Nal (29.8 9,197 mmol, 3.1 eq.) and trimethylchlorosilane (21.6 g, 197 mmol, 3.1 eq.) are stirred at 5° C. in acetonitrile (50 ml) for 15 min., then the suspension is cooled down to −20° C. A solution of ethyl 2-[4-(2,2-dimethoxy-1-hydroxyethyl)-2,5-dimethylphenoxy]acetate (20.0 g, 63.0 mmol, 1.0 eq.) in acetonitrile (50 ml) is added and the mixture is stirred for 2 h. For workup, aq. NaHCO3 (150 ml) and sat. aq. Na2S2O3 (90 ml) are added and the mixture is diluted with toluene (140 ml) and warmed up to 5° C. The organic phase is separated and washed with aq. Na2S2O3 (40 ml) and water (2×40 ml). The solvent of the organic phase is distilled off i. v. completely and the oily residue is diluted with THF (50 ml). The solution is charcoaled and after filtration the organic phase is treated with water (170 ml) and oxalic acid (20.0 g, 218 mmol, 3.4 eq.). The reaction is complete after 3.5 h and toluene (140 ml) is added. After phase separation the organic phase is washed with water (2×40 ml), aq. NaHCO3 (40 ml) and again water (2×40 ml). Finally, the crude product is concentrated.

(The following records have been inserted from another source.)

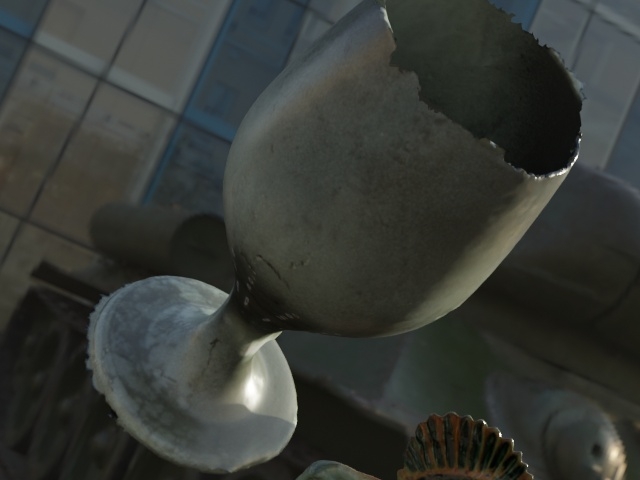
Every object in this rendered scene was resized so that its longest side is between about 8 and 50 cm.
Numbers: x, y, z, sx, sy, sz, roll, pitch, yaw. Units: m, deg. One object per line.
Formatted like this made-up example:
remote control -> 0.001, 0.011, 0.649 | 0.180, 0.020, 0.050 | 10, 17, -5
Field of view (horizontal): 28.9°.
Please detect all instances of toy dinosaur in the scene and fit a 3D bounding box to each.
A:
toy dinosaur -> 0.083, 0.138, 0.672 | 0.187, 0.106, 0.044 | -16, 17, 21

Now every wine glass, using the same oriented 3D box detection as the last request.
wine glass -> 0.000, 0.000, 0.547 | 0.126, 0.126, 0.241 | 25, -49, -20
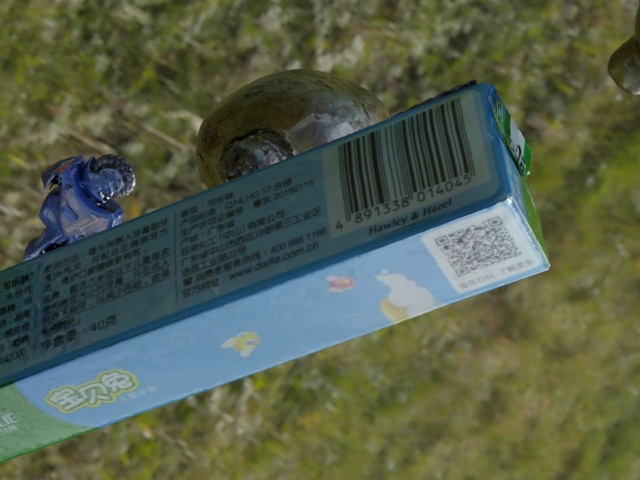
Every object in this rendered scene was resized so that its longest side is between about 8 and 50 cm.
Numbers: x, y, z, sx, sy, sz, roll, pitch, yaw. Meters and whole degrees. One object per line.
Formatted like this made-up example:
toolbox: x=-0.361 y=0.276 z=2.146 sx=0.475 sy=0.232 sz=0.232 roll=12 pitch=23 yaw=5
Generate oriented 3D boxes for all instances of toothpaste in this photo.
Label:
toothpaste: x=-0.045 y=0.018 z=0.633 sx=0.266 sy=0.065 sz=0.050 roll=-21 pitch=139 yaw=15

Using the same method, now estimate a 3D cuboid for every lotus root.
lotus root: x=-0.018 y=-0.057 z=0.982 sx=0.192 sy=0.113 sz=0.088 roll=-34 pitch=120 yaw=-71

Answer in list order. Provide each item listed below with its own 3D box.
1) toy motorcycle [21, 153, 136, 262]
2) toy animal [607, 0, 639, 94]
toy motorcycle: x=-0.294 y=-0.028 z=1.942 sx=0.205 sy=0.114 sz=0.076 roll=-67 pitch=173 yaw=30
toy animal: x=0.281 y=-0.251 z=1.013 sx=0.180 sy=0.181 sz=0.363 roll=-1 pitch=151 yaw=-11
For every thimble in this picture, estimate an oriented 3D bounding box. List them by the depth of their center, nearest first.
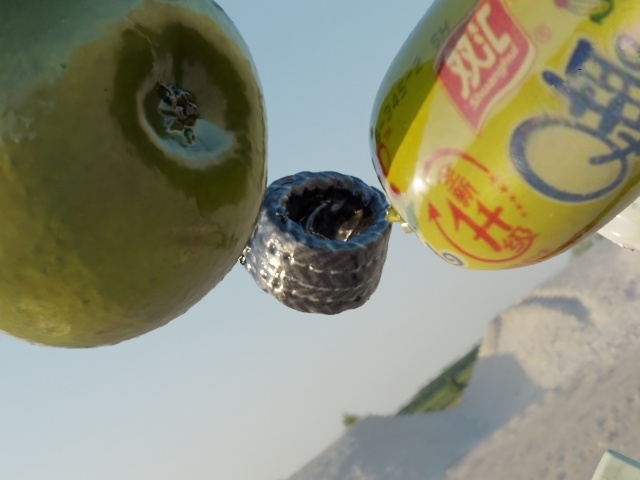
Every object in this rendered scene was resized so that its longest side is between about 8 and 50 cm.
[{"bbox_3d":[0.002,0.000,0.824,0.104,0.095,0.066,-6,-48,-33],"label":"thimble"}]

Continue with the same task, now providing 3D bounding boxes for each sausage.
[{"bbox_3d":[0.136,-0.112,0.475,0.347,0.123,0.123,-50,-13,31],"label":"sausage"}]

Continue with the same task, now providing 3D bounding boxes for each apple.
[{"bbox_3d":[-0.112,-0.048,0.561,0.157,0.196,0.196,-12,11,41],"label":"apple"}]

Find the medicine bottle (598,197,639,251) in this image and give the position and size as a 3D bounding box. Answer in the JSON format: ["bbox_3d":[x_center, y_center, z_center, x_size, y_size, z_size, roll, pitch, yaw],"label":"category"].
[{"bbox_3d":[0.394,-0.140,1.305,0.170,0.170,0.293,-25,-52,-58],"label":"medicine bottle"}]

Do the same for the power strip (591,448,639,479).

Yield: 13.1 g, 52.3 mmol, 83%
2-(4-Ethoxycarbonylmethoxy-2,5-dimethyl-phenyl)-acetaldehyde (30.0 g, 120 mmol, 1.1 eq.), 4-hydroxy-norephedrine (18.4 g, 110 mmol, 1.0 eq.) and Pd/C (10% Pd, 50% water, 7.6 g) are mixed in tetrahydrofuran (THF) (300 ml) at room temperature, then H2 is bubbled through the suspension until the reaction is finished. After filtration, concentration and washing with toluene (300 ml) the organic phase is washed with water (3×150 ml). The solution is concentrated and 2-butanol (60 ml) is added. At 70° C. HCl (˜1.5 mol/l in 1,4-dioxane, 60 ml, 0.85 eq.) is dropped to the reaction mixture, and the suspension is cooled down to 50° C. Then, methyl tert-butyl ether (300 ml) is added slowly. The crystals are stirred overnight, filtered off, washed with ethanol/methyl tert-butyl ether (1:5, 60 ml) and methyl tert-butyl ether (60 ml) and dried at 75° C. i. v.
Yield: 39.0 g, 89.0 mmol, 81%.
Melting point: 176° C.
Ethyl (−)-2-[4-[2-[[(1S,2R)-2-hydroxy-2-(4-hydroxyphenyl)-1-methylethyl]-amino]-ethyl]-2,5-dimethylphenoxy]acetate hydrochloride (e.g. from example 3) (20.0 g, 45.6 mmol) is solved in ethanol (110 ml) at 78° C. The clear solution is cooled to 58° C. and methyl tert-butyl ether (172 ml) is added slowly. After cooling down to 0° C. the crystals are filtered off, washed with ice-cold ethanol/methyl tert-butyl ether (1:5, 50 ml) and methyl tert-butyl ether (50 ml). The white crystals are dried at 70° C. i.v.
Yield: 16.6 g, 37.9 mmol, 83%.
Melting point: 196-197° C.
Other compounds can be made accordingly. Preferred is the synthesis of the compounds according the examples.